We practiced techniques that served to alleviate panic: lose of the mask, water in the mask, the regulator pulled from the face, a dropped weight belt, and even oxygen failure. It's the same each time... you panic, you can die. If you stay calm, and remember what you've been taught, you can survive most anything. 

I found myself on my knees on the ocean floor, completing the exercises for PADI dive certification: removal of the mask, clearing of water, breathing through the regulator with my eyes and nose exposed, clearing the regulator, using a buddies regulator, dropping weight, and practicing signals. These things had all caused me great distress on the bottom of that four foot pool, but here at depth, I'd mastered my calm. Breathe, steady, in and out. Breathe deep. 

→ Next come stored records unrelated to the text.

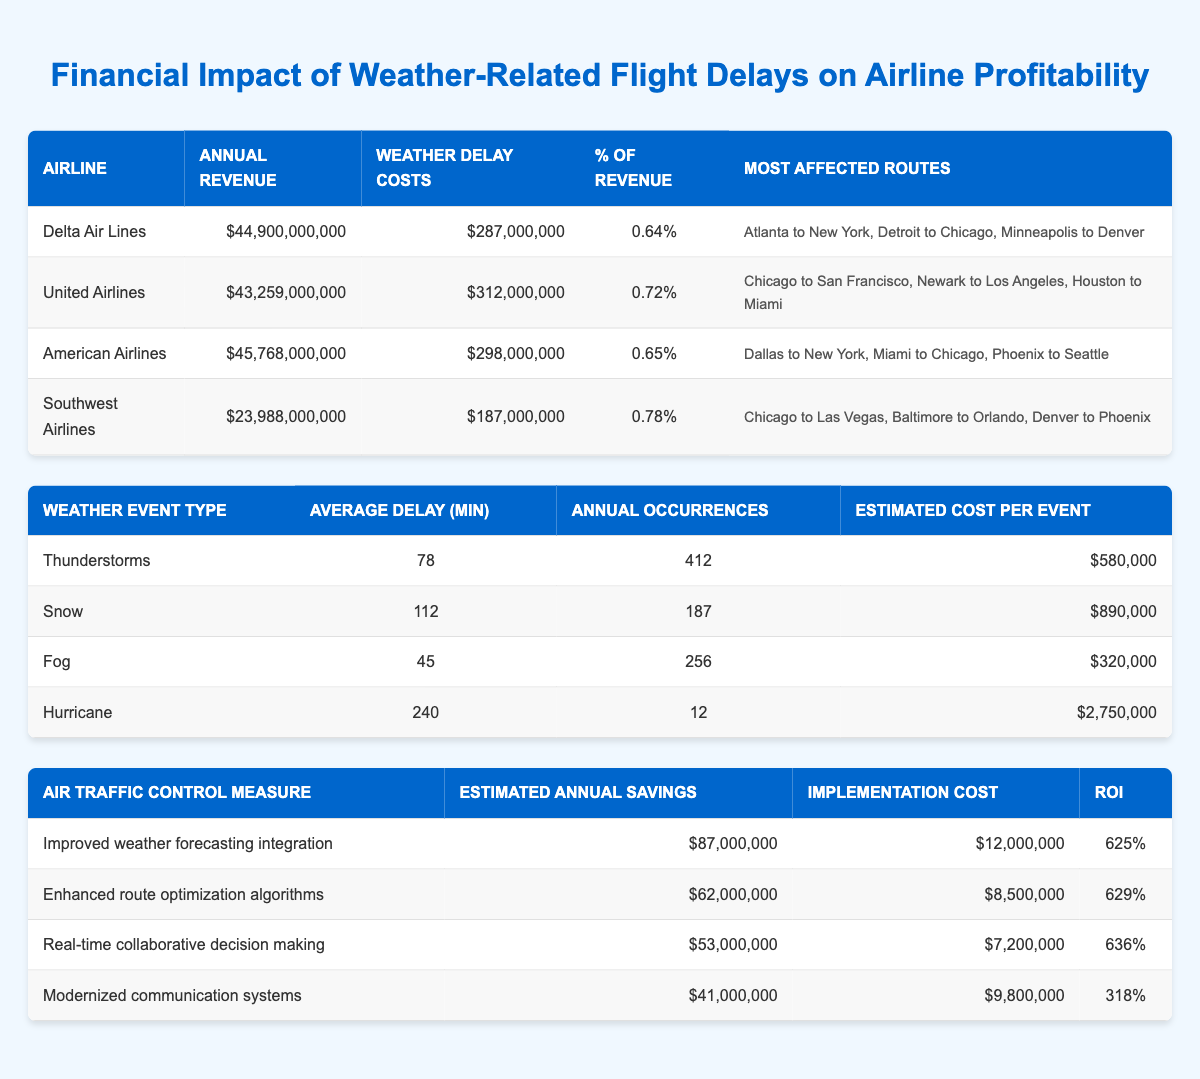What is the total weather delay cost incurred by all airlines listed? To find the total weather delay cost, add the weather delay costs together: $287,000,000 (Delta Air Lines) + $312,000,000 (United Airlines) + $298,000,000 (American Airlines) + $187,000,000 (Southwest Airlines) = $1,084,000,000
Answer: $1,084,000,000 Which airline has the highest percentage of revenue attributed to weather delay costs? Looking at the percentage of revenue for each airline, Southwest Airlines has 0.78%, which is higher than Delta Air Lines (0.64%), United Airlines (0.72%), and American Airlines (0.65%). Therefore, Southwest Airlines has the highest percentage.
Answer: Southwest Airlines Is it true that snow causes the highest average delay minutes among the weather events listed? The average delay minutes for snow is 112, while for thunderstorms it is 78, for fog it is 45, and for hurricanes it is 240. Therefore, hurricanes cause the highest average delay minutes, making the statement false.
Answer: False What is the ROI for the enhanced route optimization algorithms? The ROI for enhanced route optimization algorithms is given in the table as 629%.
Answer: 629% Which airline experienced the highest annual revenue? By comparing the annual revenues listed, American Airlines has $45,768,000,000, which is higher than Delta Air Lines ($44,900,000,000), United Airlines ($43,259,000,000), and Southwest Airlines ($23,988,000,000).
Answer: American Airlines If the weather delay costs for United Airlines and Delta Air Lines are combined, what is the total? Add the weather delay costs for United Airlines ($312,000,000) and Delta Air Lines ($287,000,000): $312,000,000 + $287,000,000 = $599,000,000.
Answer: $599,000,000 Among the weather events, which has the highest estimated cost per event? Looking at the estimated cost per event: Thunderstorms ($580,000), Snow ($890,000), Fog ($320,000), and Hurricanes ($2,750,000), hurricanes have the highest estimated cost per event.
Answer: Hurricanes What are the most affected routes for American Airlines? The most affected routes for American Airlines listed in the table are Dallas to New York, Miami to Chicago, and Phoenix to Seattle.
Answer: Dallas to New York, Miami to Chicago, Phoenix to Seattle Is the implementation cost for improved weather forecasting integration higher than that for modernized communication systems? The implementation cost for improved weather forecasting integration is $12,000,000, while modernized communication systems cost $9,800,000. Therefore, the implementation cost for improved weather forecasting integration is indeed higher.
Answer: Yes

I'd had to practice this, hoping no-one else noticed me in the corner of the pool with my eyes closed, concentrating only on the draw and push of air from my lungs. I'd force my breathing to calm as my body began to realize it could survive.

Entering open water this was critical. I found myself feeling the grip of panic as the current pulled me away from the boat and I couldn't find my regulator. I snorkeled as I calmed my breathing and heart rate. Then I was able to regain perspective and rationality. Again I felt panic as we swam near the foundation of an ocean beacon. Current pulled me between the beams of the steel structure and into coral. My training kept me calm through the danger.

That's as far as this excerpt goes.